Activity
Omitting any pictures, transcribe the entries below exactly.

* * * * * * * * *

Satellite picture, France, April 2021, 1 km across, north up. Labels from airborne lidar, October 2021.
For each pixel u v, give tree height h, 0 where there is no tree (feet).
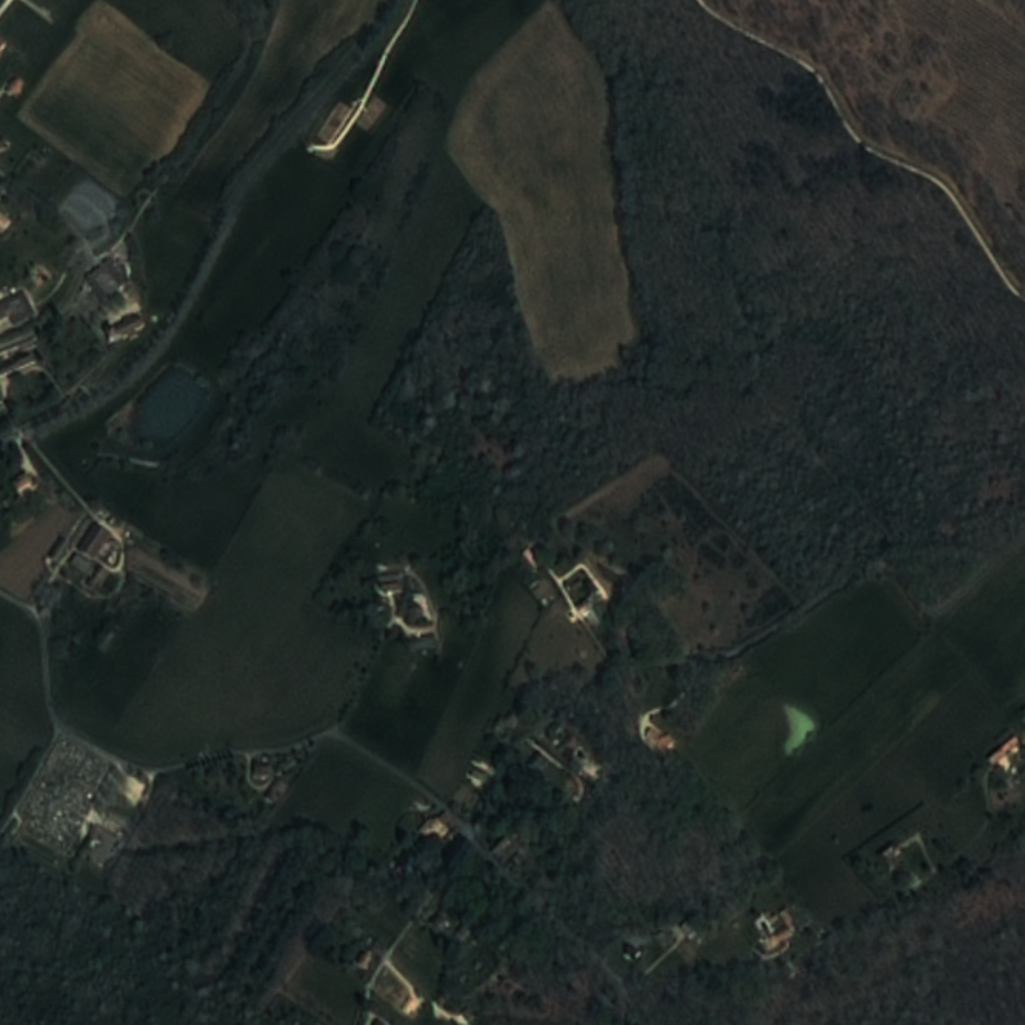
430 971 0
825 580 38
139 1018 24
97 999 37
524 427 44
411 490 19
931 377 50
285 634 0
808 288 73
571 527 49
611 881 72
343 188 0
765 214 63
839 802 0
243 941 40
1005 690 0
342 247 31
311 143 0
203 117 20
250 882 52
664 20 64
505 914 32
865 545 46
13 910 22
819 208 50
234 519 0
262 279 0
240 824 35
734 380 72
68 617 32
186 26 0
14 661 0
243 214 0
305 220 0
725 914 57
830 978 84
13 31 0
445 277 29
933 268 72
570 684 56
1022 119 0
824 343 35
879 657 0
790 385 46
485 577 50
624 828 75
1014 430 36
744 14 25
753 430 49
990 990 33
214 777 42
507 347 81
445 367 70
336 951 25
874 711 0
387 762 0
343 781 0
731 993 58
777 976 22
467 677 0
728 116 68
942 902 20
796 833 0
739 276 82
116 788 57
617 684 73
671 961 0
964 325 70
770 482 35
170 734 0
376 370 0
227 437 30
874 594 0
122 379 36
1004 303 55
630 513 0
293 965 52
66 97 0
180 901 38
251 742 0
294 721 0
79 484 0
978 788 0
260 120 0
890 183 77
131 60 0
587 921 53
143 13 0
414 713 0
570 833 65
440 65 0
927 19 0
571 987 38
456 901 69
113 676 0
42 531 0
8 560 0
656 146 73
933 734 0
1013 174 0
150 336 0
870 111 34
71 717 0
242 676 0
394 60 0
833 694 0
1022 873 31
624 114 73
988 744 0
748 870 60
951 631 0
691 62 55
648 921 21
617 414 62
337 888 63
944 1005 73
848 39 38
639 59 61
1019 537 31
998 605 0
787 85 56
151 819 57
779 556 27
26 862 19
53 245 0
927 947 82
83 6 0
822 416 18
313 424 0
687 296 71
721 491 25
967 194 48
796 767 0
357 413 0
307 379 27
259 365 20
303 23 0
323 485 0
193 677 0
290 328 35
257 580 0
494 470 35
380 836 0
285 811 0
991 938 35
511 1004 47
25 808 0
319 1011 36
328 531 0
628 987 45
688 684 68
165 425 0
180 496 0
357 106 0
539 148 0
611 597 0
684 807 72
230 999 39
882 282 51
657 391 43
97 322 33
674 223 51
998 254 45
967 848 0
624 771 66
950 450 34
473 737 0
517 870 24
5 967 30
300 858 48
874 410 22
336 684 0
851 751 0
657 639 75
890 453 18
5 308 0
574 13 72
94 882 0
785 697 0
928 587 76
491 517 39
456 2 0
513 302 22
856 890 0
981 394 61
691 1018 73
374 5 0
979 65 0
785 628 32
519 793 84
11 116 0
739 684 0
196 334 0
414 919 29
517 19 0
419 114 0
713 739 0
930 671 0
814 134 81
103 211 0
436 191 0
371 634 37
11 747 0
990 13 0
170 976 18
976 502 21
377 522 25
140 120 0
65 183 0
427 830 0
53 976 24
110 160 0
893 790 0
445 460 29
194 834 56
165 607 41
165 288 0
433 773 0
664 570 59
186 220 0
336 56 21
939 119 0
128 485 0

* * * * * * * * *

Result
Satellite picture, France, April 2021, 1 km across, north up. Labels from airborne lidar, October 2021.
For each pixel u v, give tree height h, 0 where there is no tree (feet).
430 971 0
825 580 38
139 1018 24
97 999 37
524 427 44
411 490 19
931 377 50
285 634 0
808 288 73
571 527 49
611 881 72
343 188 0
765 214 63
839 802 0
243 941 40
1005 690 0
342 247 31
311 143 0
203 117 20
250 882 52
664 20 64
505 914 32
865 545 46
13 910 22
819 208 50
234 519 0
262 279 0
240 824 35
734 380 72
68 617 32
186 26 0
14 661 0
243 214 0
305 220 0
725 914 57
830 978 84
13 31 0
445 277 29
933 268 72
570 684 56
1022 119 0
824 343 35
879 657 0
790 385 46
485 577 50
624 828 75
1014 430 36
744 14 25
753 430 49
990 990 33
214 777 42
507 347 81
445 367 70
336 951 25
874 711 0
387 762 0
343 781 0
731 993 58
777 976 22
467 677 0
728 116 68
942 902 20
796 833 0
739 276 82
116 788 57
617 684 73
671 961 0
964 325 70
770 482 35
170 734 0
376 370 0
227 437 30
874 594 0
122 379 36
1004 303 55
630 513 0
293 965 52
66 97 0
180 901 38
251 742 0
294 721 0
79 484 0
978 788 0
260 120 0
890 183 77
131 60 0
587 921 53
143 13 0
414 713 0
570 833 65
440 65 0
927 19 0
571 987 38
456 901 69
113 676 0
42 531 0
8 560 0
656 146 73
933 734 0
1013 174 0
150 336 0
870 111 34
71 717 0
242 676 0
394 60 0
833 694 0
1022 873 31
624 114 73
988 744 0
748 870 60
951 631 0
691 62 55
648 921 21
617 414 62
337 888 63
944 1005 73
848 39 38
639 59 61
1019 537 31
998 605 0
787 85 56
151 819 57
779 556 27
26 862 19
53 245 0
927 947 82
83 6 0
822 416 18
313 424 0
687 296 71
721 491 25
967 194 48
796 767 0
357 413 0
307 379 27
259 365 20
303 23 0
323 485 0
193 677 0
290 328 35
257 580 0
494 470 35
380 836 0
285 811 0
991 938 35
511 1004 47
25 808 0
319 1011 36
328 531 0
628 987 45
688 684 68
165 425 0
180 496 0
357 106 0
539 148 0
611 597 0
684 807 72
230 999 39
882 282 51
657 391 43
97 322 33
674 223 51
998 254 45
967 848 0
624 771 66
950 450 34
473 737 0
517 870 24
5 967 30
300 858 48
874 410 22
336 684 0
851 751 0
657 639 75
890 453 18
5 308 0
574 13 72
94 882 0
785 697 0
928 587 76
491 517 39
456 2 0
513 302 22
856 890 0
981 394 61
691 1018 73
374 5 0
979 65 0
785 628 32
519 793 84
11 116 0
739 684 0
196 334 0
414 919 29
517 19 0
419 114 0
713 739 0
930 671 0
814 134 81
103 211 0
436 191 0
371 634 37
11 747 0
990 13 0
170 976 18
976 502 21
377 522 25
140 120 0
65 183 0
427 830 0
53 976 24
110 160 0
893 790 0
445 460 29
194 834 56
165 607 41
165 288 0
433 773 0
664 570 59
186 220 0
336 56 21
939 119 0
128 485 0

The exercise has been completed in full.